Saved entries:
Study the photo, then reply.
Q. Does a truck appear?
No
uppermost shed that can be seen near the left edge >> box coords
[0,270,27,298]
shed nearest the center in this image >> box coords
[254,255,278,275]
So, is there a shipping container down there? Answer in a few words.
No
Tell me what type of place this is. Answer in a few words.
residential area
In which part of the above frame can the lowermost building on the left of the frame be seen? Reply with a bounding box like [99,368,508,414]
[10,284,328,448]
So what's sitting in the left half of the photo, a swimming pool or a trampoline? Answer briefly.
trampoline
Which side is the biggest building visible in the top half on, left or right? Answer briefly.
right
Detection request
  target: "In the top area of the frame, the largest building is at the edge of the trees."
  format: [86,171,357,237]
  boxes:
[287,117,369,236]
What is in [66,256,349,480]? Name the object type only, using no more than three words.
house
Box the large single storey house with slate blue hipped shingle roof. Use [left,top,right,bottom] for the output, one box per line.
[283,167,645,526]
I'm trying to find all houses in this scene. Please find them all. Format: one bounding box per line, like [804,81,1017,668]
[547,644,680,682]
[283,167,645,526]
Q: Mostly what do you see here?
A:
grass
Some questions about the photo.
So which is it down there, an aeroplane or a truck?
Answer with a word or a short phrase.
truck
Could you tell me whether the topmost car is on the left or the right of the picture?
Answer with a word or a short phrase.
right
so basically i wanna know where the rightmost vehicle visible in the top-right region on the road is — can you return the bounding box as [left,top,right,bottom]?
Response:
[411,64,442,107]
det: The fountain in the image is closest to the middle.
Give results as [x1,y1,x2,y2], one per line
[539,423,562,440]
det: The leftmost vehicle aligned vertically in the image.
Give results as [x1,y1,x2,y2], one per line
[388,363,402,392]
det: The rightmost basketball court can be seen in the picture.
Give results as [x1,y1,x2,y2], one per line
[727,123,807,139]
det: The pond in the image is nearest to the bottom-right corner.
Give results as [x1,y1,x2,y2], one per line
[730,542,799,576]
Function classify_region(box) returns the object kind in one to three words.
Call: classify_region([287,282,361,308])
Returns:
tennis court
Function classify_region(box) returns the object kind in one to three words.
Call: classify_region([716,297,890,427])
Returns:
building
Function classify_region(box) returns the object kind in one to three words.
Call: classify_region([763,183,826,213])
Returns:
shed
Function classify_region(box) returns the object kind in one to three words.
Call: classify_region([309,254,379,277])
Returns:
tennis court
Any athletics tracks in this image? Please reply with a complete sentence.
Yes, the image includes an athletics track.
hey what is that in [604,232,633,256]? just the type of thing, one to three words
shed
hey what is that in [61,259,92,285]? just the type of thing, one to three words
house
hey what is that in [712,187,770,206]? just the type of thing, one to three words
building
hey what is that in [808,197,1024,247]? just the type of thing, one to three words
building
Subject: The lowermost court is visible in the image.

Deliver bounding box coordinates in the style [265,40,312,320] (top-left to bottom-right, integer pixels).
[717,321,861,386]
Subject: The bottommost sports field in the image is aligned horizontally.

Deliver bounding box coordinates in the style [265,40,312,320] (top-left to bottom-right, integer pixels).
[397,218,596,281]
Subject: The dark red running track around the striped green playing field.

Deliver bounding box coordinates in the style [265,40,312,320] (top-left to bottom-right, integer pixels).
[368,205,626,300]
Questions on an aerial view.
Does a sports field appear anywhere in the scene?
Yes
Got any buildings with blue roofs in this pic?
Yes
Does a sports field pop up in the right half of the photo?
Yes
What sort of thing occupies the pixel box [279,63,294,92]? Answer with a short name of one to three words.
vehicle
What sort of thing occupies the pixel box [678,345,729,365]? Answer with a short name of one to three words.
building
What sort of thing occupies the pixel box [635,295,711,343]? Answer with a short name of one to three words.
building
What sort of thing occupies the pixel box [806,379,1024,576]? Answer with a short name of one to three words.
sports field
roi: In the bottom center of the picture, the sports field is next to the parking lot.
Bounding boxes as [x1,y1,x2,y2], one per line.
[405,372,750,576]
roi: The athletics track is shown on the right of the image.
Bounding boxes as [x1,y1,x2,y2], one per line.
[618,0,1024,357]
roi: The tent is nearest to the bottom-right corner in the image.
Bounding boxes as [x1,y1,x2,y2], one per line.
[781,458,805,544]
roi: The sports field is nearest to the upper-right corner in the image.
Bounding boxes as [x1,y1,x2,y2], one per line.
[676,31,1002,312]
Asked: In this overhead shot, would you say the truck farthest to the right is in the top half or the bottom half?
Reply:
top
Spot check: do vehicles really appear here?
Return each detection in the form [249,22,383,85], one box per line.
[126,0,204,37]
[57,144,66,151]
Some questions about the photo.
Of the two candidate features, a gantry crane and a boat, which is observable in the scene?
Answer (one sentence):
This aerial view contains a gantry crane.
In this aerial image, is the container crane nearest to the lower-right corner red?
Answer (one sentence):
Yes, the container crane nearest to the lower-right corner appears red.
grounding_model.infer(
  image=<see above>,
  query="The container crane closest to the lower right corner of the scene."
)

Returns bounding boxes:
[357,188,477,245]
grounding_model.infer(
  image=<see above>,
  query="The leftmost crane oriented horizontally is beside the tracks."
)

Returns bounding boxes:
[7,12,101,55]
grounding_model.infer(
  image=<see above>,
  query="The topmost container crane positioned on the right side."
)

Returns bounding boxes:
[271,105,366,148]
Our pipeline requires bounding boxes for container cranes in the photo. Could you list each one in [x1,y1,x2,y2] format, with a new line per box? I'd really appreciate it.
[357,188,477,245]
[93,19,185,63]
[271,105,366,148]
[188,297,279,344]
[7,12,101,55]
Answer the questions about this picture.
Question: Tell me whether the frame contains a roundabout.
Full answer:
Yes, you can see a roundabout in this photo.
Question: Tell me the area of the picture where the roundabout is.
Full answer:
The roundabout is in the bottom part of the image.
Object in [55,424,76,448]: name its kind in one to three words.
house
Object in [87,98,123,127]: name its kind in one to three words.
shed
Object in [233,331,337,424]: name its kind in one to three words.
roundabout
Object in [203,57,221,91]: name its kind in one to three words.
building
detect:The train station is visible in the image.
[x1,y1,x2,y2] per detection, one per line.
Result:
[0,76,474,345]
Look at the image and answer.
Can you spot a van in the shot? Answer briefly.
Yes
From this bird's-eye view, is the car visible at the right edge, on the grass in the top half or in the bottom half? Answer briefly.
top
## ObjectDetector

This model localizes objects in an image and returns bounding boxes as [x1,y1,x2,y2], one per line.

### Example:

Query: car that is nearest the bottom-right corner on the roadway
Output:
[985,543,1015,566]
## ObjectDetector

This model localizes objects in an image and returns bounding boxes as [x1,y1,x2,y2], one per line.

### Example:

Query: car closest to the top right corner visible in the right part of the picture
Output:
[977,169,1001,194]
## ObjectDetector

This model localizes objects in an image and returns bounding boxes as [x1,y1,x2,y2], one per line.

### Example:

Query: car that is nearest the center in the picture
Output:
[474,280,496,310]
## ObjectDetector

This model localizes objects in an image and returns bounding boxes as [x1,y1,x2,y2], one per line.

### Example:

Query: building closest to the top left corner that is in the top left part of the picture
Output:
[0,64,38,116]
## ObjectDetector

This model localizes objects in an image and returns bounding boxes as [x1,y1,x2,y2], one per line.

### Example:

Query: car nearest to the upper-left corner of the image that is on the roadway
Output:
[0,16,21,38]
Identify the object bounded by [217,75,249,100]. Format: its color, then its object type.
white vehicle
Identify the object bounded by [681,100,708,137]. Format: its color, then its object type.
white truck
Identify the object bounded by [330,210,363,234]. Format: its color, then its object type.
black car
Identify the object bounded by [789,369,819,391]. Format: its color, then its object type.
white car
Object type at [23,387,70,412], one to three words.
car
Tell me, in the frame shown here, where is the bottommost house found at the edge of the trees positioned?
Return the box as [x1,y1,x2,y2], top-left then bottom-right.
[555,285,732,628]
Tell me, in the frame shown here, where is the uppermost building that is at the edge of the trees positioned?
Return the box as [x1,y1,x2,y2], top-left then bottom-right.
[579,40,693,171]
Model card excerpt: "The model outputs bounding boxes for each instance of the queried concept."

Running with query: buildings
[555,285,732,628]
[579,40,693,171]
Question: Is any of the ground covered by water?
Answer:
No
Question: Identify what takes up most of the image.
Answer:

Exercise prompt => Your answer must be every line from the entries that contains the string "closest", copied as it stands.

Answer to the problem =>
det: The fountain in the image is closest to the middle.
  query="The container crane closest to the lower right corner of the scene."
Query: car closest to the top right corner visible in the right part of the picture
Query: building closest to the top left corner that is in the top left part of the picture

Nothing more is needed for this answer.